Work instruction: Only a number is required: the count of lines in the material below that contain "degrees".

Available data:
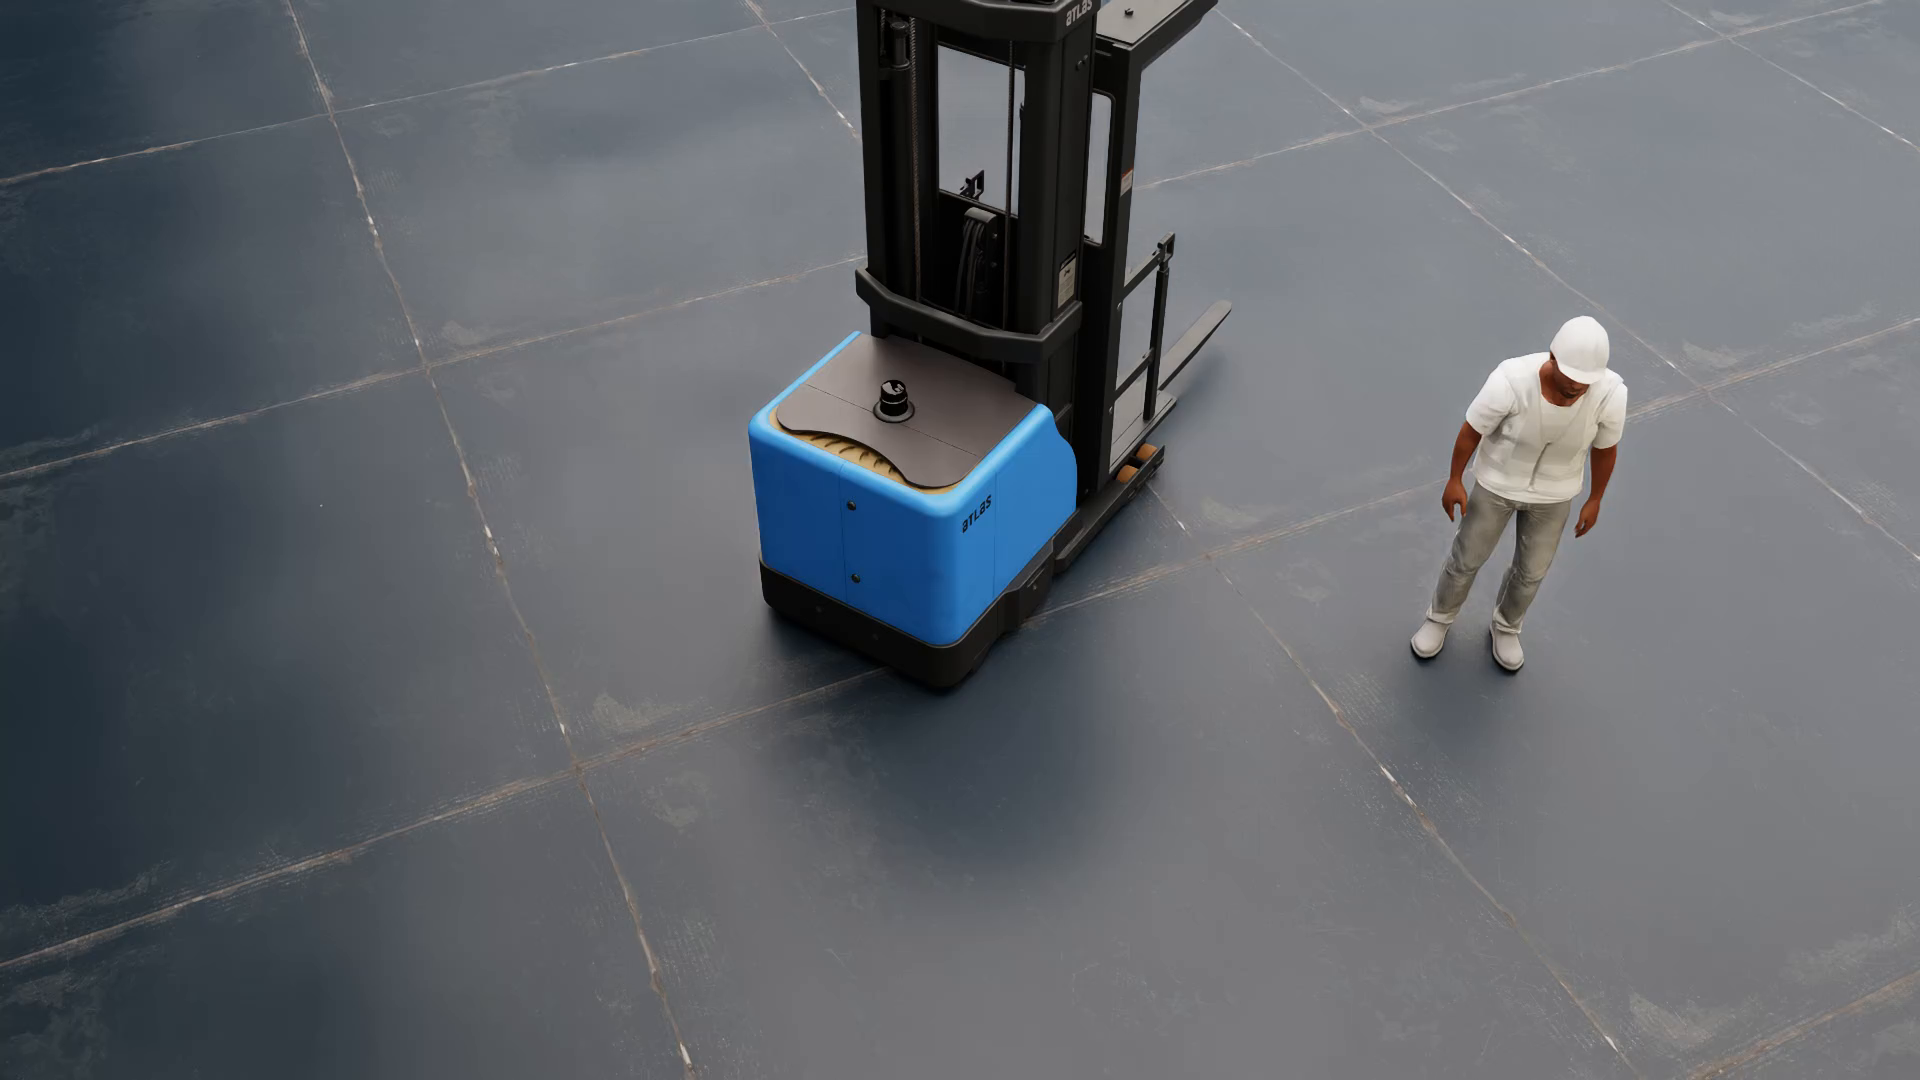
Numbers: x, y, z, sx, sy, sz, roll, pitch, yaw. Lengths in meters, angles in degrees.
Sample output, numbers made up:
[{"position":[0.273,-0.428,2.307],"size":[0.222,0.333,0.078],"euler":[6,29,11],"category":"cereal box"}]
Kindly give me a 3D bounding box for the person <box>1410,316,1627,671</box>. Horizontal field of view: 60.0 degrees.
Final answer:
[{"position":[2.294,-0.197,6.753],"size":[0.629,1.759,0.460],"euler":[8,44,8],"category":"person"}]

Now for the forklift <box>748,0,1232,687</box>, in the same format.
[{"position":[0.342,-1.428,7.211],"size":[1.130,2.935,3.031],"euler":[24,48,24],"category":"forklift"}]

Your solution: 2